Suppose $\Omega \subset \mathbb{C}$ is open, bounded, and connected, and its boundary $\partial \Omega$ is also connected.
If it helps, we may assume $\partial \Omega$ is a Jordan curve or even that $\Omega$ is a disk.
Let $f \colon \overline{\Omega} \rightarrow \mathbb{C}$ be continuous with $f|_{\Omega} \colon \Omega \rightarrow \mathbb{C}$ holomorphic.
My question is whether $f$ necessarily sends the boundary $\partial \Omega$ into the boundary of $f(\overline{\Omega})$.
If $f$ happens to be injective, then this is part of Carathéodory's theorem. However, if $f$ is not injective, I was not able to verify whether $f(\partial \Omega) \subset \partial f(\overline{\Omega})$ must hold. (To be perfectly clear: that $f$ continuously extends to the boundary is assumed.)

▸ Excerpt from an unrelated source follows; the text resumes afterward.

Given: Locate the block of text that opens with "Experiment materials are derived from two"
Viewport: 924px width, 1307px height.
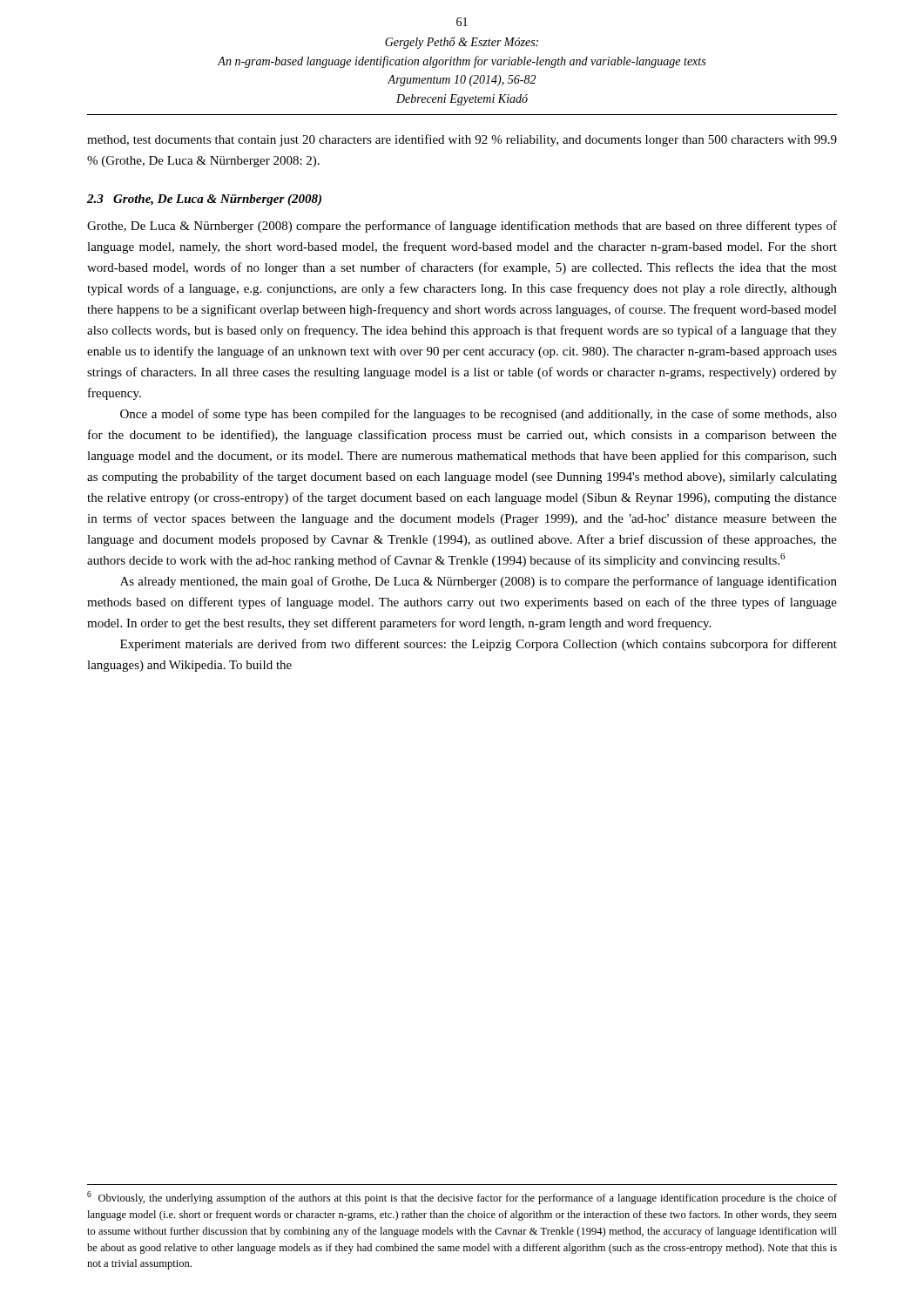Looking at the screenshot, I should click(x=462, y=654).

Certainly, the pre-image of $\partial f(\overline{\Omega})$ lies in $\partial \Omega$ by the open mapping theorem, but this does not suffice.
If it is true, I expect it to be a topological property, i.e. it suffices to assume $f$ is an open map and does not need analyticity, but I included it in the problem statement to be on the safe side.
Any ideas or counter-examples would be greatly appreciated! Cheers.
Best Answer
It is not true. Let $f(z) = z^2$ and $\Omega = \{z \in \mathbb C \mid \lvert z \rvert < 1, \text{Im} z > 0 \}$.
Then $\partial \Omega = S^1_+ \cup L$, where $S^1_+ = \{ z \in \mathbb C \mid \lvert z \rvert = 1, \text{Im} z \ge 0 \}, L = \{ z \in \mathbb C \mid \lvert z \rvert \le 1, \text{Im} z = 0 \}$, and $\overline \Omega = \{ z \in \mathbb C \mid \lvert z \rvert \le 1, \text{Im} z \ge 0 \}$. It is easy to see that $f(\overline \Omega ) = D = \{ z \in \mathbb C \mid \lvert z \rvert \le 1 \}$ whose boundary is $\partial D = S^1 = \{ z \in \mathbb C \mid \lvert z \rvert = 1 \}$.
But $f(L) = \{ z \in \mathbb C \mid 0 \le \text{Re} z \le 1, \text{Im} z = 0 \}$ which is certainly no subset of $S^1$.
In this example we have $\partial f(\Omega) = S^1 \cup L$. Thus $f(\partial \Omega) \subset \partial f(\Omega)$. However, consider the function $f(z) = z^3$ on the same $\Omega$ to see that $f(\partial \Omega) \subset \partial f(\Omega)$ is not true in general.